Supplied information >>
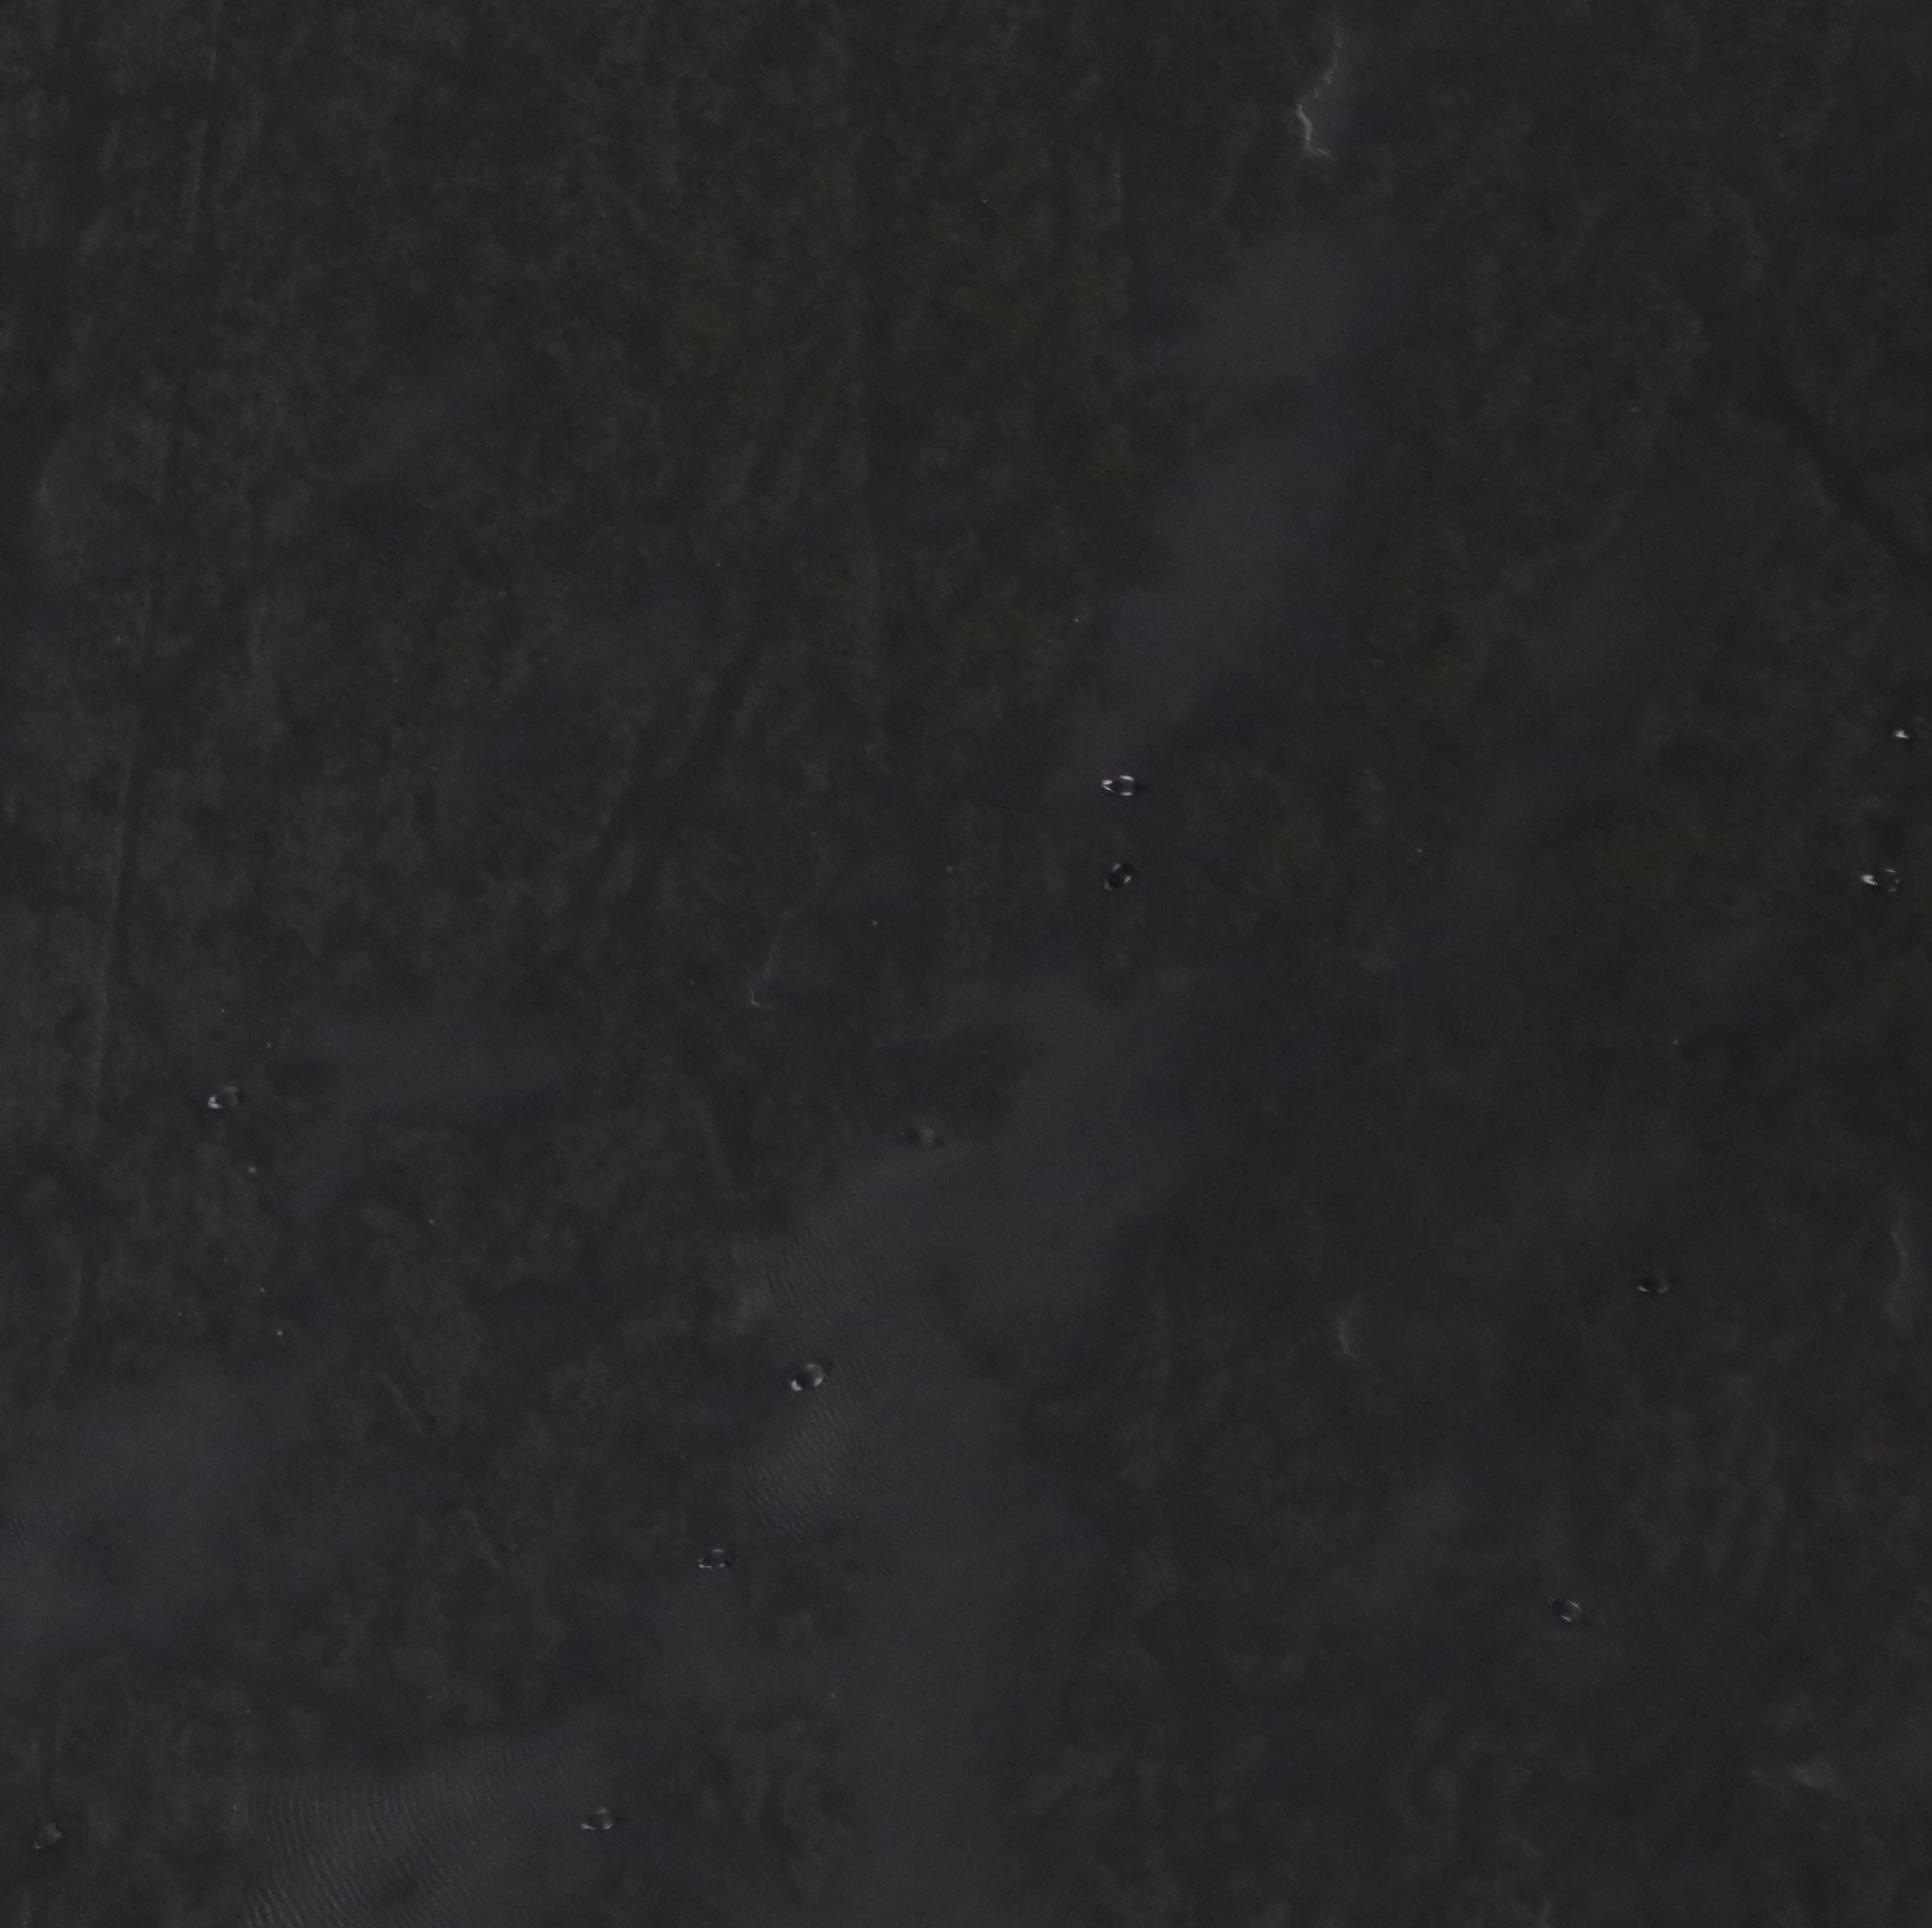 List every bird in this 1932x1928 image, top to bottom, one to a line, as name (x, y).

brant (1913, 724)
brant (1123, 788)
brant (1121, 877)
brant (1882, 880)
brant (228, 1097)
brant (930, 1134)
brant (1656, 1282)
brant (810, 1375)
brant (718, 1558)
brant (1568, 1611)
brant (598, 1820)
brant (45, 1836)

What to produce >>
Reproduce every record above exactly, omitting the pictures.

Task output >>
 List every bird in this 1932x1928 image, top to bottom, one to a line, as name (x, y).

brant (1913, 724)
brant (1123, 788)
brant (1121, 877)
brant (1882, 880)
brant (228, 1097)
brant (930, 1134)
brant (1656, 1282)
brant (810, 1375)
brant (718, 1558)
brant (1568, 1611)
brant (598, 1820)
brant (45, 1836)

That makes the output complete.